Le bien-être animal, au centre des préoccupations des éleveurs et des chercheurs wallons

Du 27 au 29 avril aura lieu à Namur un congrès international auquel prendront part une centaine de scientifiques de haut vol venus des quatre coins du monde : le Dair’Innov Congress.

Objectif ?

Echanger sur les dernières innovations permettant d’améliorer le bien-être des vaches laitières ainsi que la durabilité des fermes. A la veille de ce congrès international, Elevéo (awé groupe), le Centre wallon de Recherches agronomiques (CRA-W) et Gembloux Agro-Bio Tech, partenaires wallons du projet Interreg NWE HappyMoo, ont fait le point sur le bien-être animal et ses avancées, mais aussi sur l’utilisation d’une technique novatrice pour mesurer le bien-être des vaches laitières.

Depuis de nombreuses années, le bien-être des animaux d’élevage et des vaches laitières fait partie des préoccupations citoyennes. Ce que l’on sait moins, c’est que les éleveurs, en collaboration avec les chercheurs, essaient de trouver de nouvelles manières de mesurer et améliorer le bien-être de leurs animaux. Cet intérêt pour le bien-être animal n’est pas nouveau et une amélioration du bien-être apporte de nombreux avantages aux éleveurs. Être capable de mesurer le bien-être et l’objectiver est donc capital pour l’éleveur, afin d’anticiper et résoudre des problèmes que les animaux pourraient développer, mais aussi pour le grand public, pour qu’il puisse se rendre compte de l’état réel de bien-être des animaux.

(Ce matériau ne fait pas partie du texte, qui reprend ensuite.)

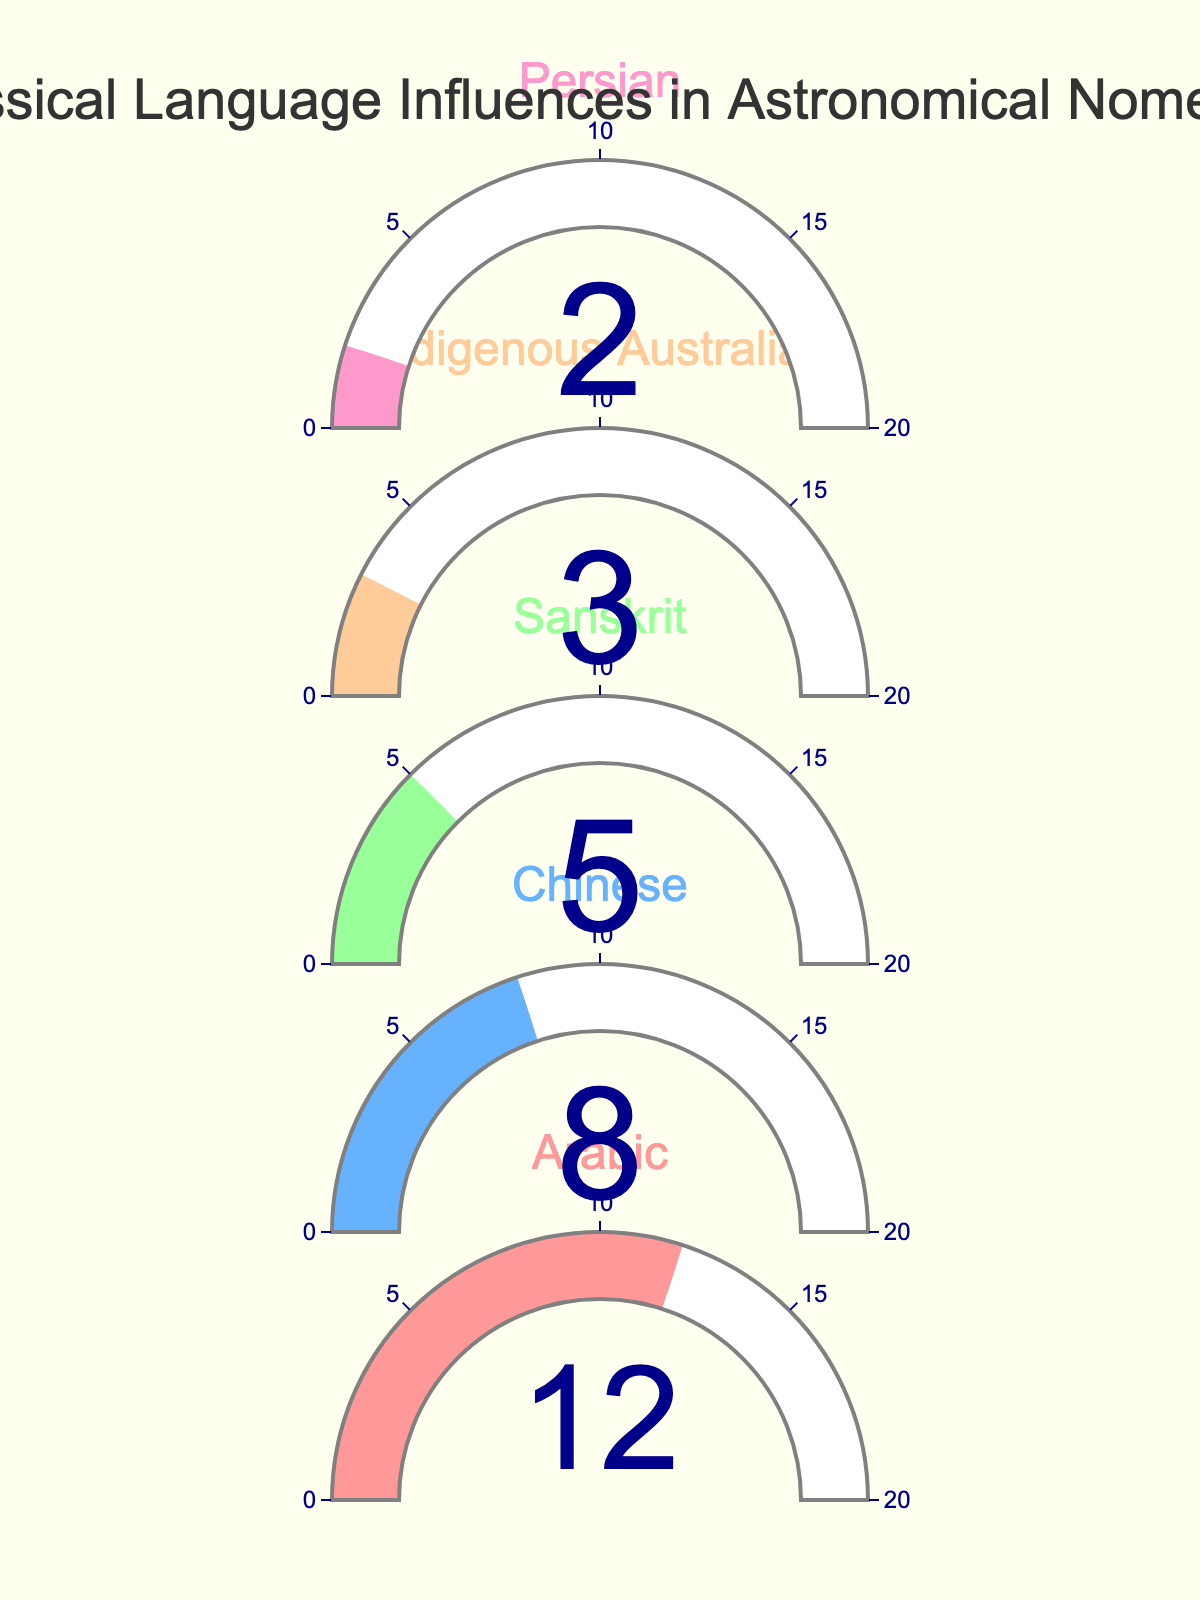What is the title of the chart? The title is usually placed prominently at the top of the chart, and it describes the overall subject of the visual. In this case, the title states the main topic being analyzed.
Answer: Non-classical Language Influences in Astronomical Nomenclature What percentage does Arabic contribute? Each gauge in the chart displays a percentage value and is labeled with its respective category. The gauge labeled "Arabic" shows the percentage in its center.
Answer: 12% Which language has the lowest influence percentage? By examining all the gauges, we look for the one with the smallest value displayed. The gauge labeled "Persian" shows the lowest percentage.
Answer: Persian How much higher is the influence of Arabic compared to Chinese? Find the percentage values for both languages and subtract the Chinese percentage from the Arabic percentage. Arabic has 12%, and Chinese has 8%. So, the difference is 12% - 8%.
Answer: 4% What is the combined influence percentage of Indigenous Australian and Persian languages? Add the percentages of Indigenous Australian (3%) and Persian (2%) influences.
Answer: 5% Which category has a percentage less than 10%? Examine each gauge and identify those with values below 10%. Both Chinese (8%) and Sanskrit (5%) meet this criteria.
Answer: Chinese, Sanskrit What's the difference in percentage between the highest and lowest influences? Identify the highest (Arabic, 12%) and the lowest (Persian, 2%) percentages, then subtract the lowest from the highest (12% - 2%).
Answer: 10% How many language categories are depicted in the chart? Count the number of gauges, as each gauge represents a different language category. There are five distinct categories labeled.
Answer: 5 
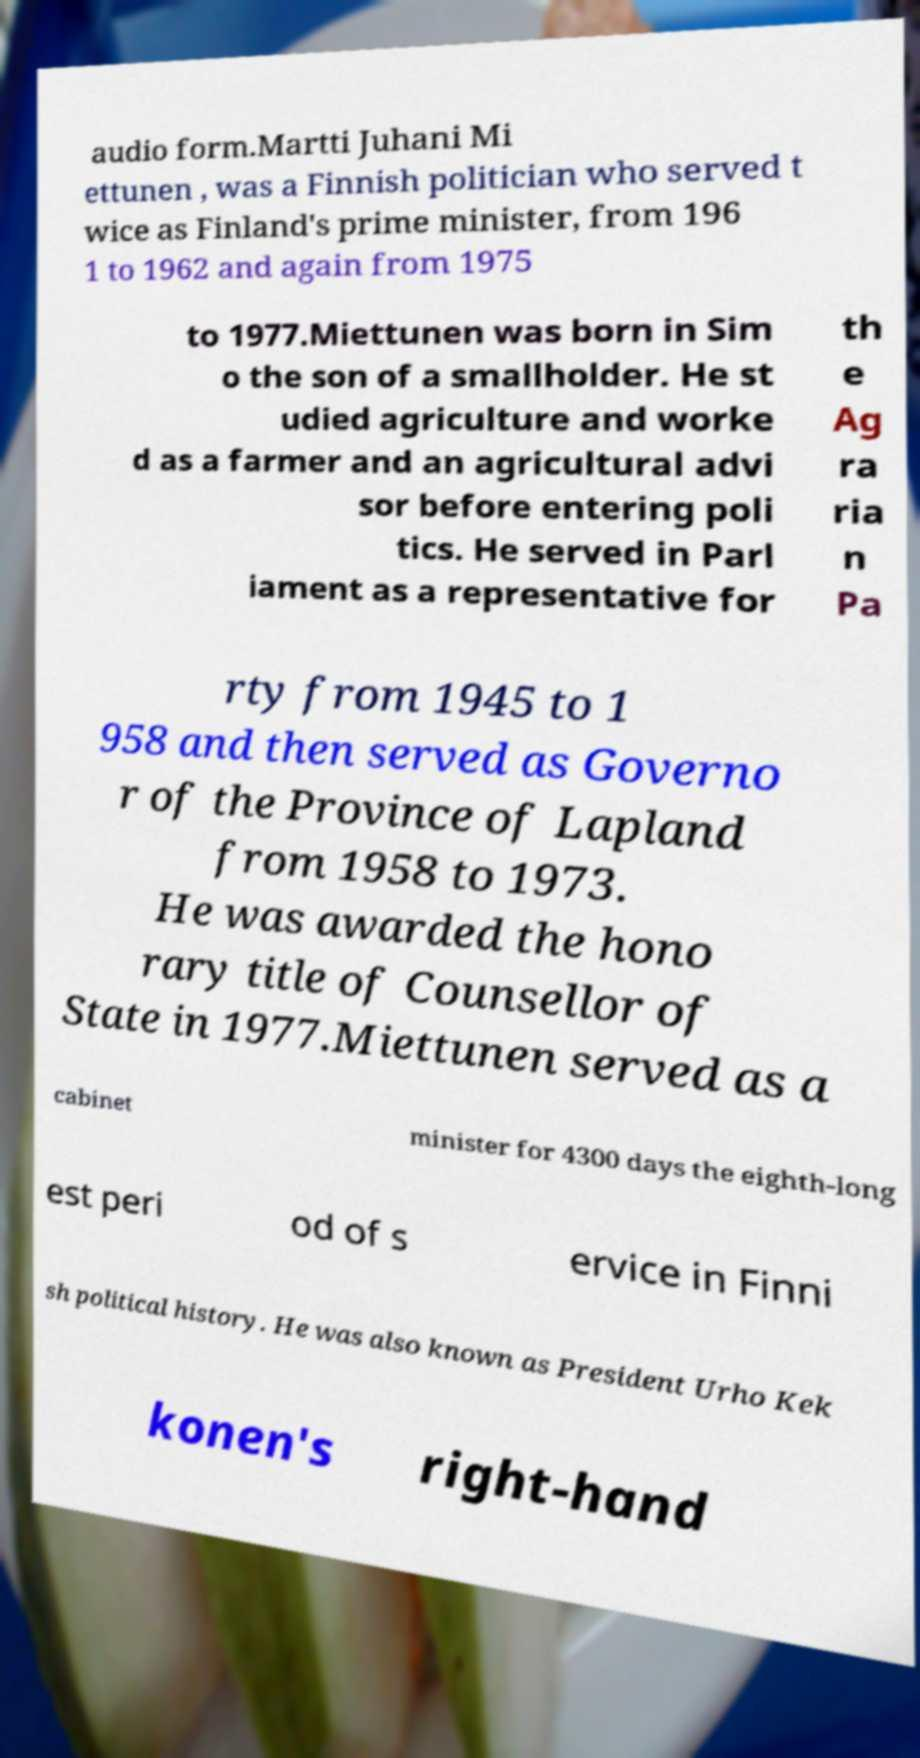Please read and relay the text visible in this image. What does it say? audio form.Martti Juhani Mi ettunen , was a Finnish politician who served t wice as Finland's prime minister, from 196 1 to 1962 and again from 1975 to 1977.Miettunen was born in Sim o the son of a smallholder. He st udied agriculture and worke d as a farmer and an agricultural advi sor before entering poli tics. He served in Parl iament as a representative for th e Ag ra ria n Pa rty from 1945 to 1 958 and then served as Governo r of the Province of Lapland from 1958 to 1973. He was awarded the hono rary title of Counsellor of State in 1977.Miettunen served as a cabinet minister for 4300 days the eighth-long est peri od of s ervice in Finni sh political history. He was also known as President Urho Kek konen's right-hand

Actuellement, des protocoles d’évaluation du bien-être existent mais posent différents problèmes : le temps nécessaire à leur mise en œuvre, le fait qu’ils soient ponctuels et qu’ils ne s’intéressent qu’au bien-être du troupeau plutôt qu’à celui de la vache. Des solutions alternatives voient le jour, comme des colliers capteurs autour du cou des animaux permettant d’avoir une finesse de suivi à l’échelle individuelle et d’y associer des alertes sur la santé. Cependant, ces solutions restent coûteuses et ne permettent pas à toutes les fermes de s’en équiper.

Une solution pour pallier ce problème est d’utiliser l’analyse de routine du lait afin de déterminer des paramètres liés à la santé des animaux.

Pratiquement, comment cela se passe ? La spectrométrie moyen infrarouge (MIR) est une technologie déjà utilisée depuis de nombreuses années pour l’analyse de la qualité et de la composition du lait dans le cadre du contrôle laitier mensuel sur toutes les vaches. C’est donc une technologie disponible, fiable, mais sous-utilisée. Ainsi, des échantillons de lait sont potentiellement disponibles lors de chaque traite. Leur prélèvement ne génère aucune douleur ni stress, contrairement à d’autres sources d’informations potentielles comme les prises de sang ou les pesées. La spectrométrie MIR est une analyse physique, basée sur l’interaction entre l’échantillon et la lumière. Elle ne génère donc aucun déchet chimique, ne détruit pas l’échantillon, est rapide, standardisée, peu couteuse et permet d’obtenir énormément d’informations sur la composition du lait.

L’objectif du projet interreg NWE HappyMoo, qui bénéficie également d’un soutien de la Wallonie, et dont Elevéo est chef de file, vise à quantifier le bien-être des vaches laitières via l’analyse spectrale du lait. En d’autres termes, il s’agit d’extraire davantage d’information de cette goutte de lait en lien avec le bien-être animal via la technique d’analyse du MIR.

Encore un bel exemple du savoir-faire wallon, basé sur un partenariat Eleveurs – Chercheurs, une particularité wallonne source de nombreuses innovations en élevage.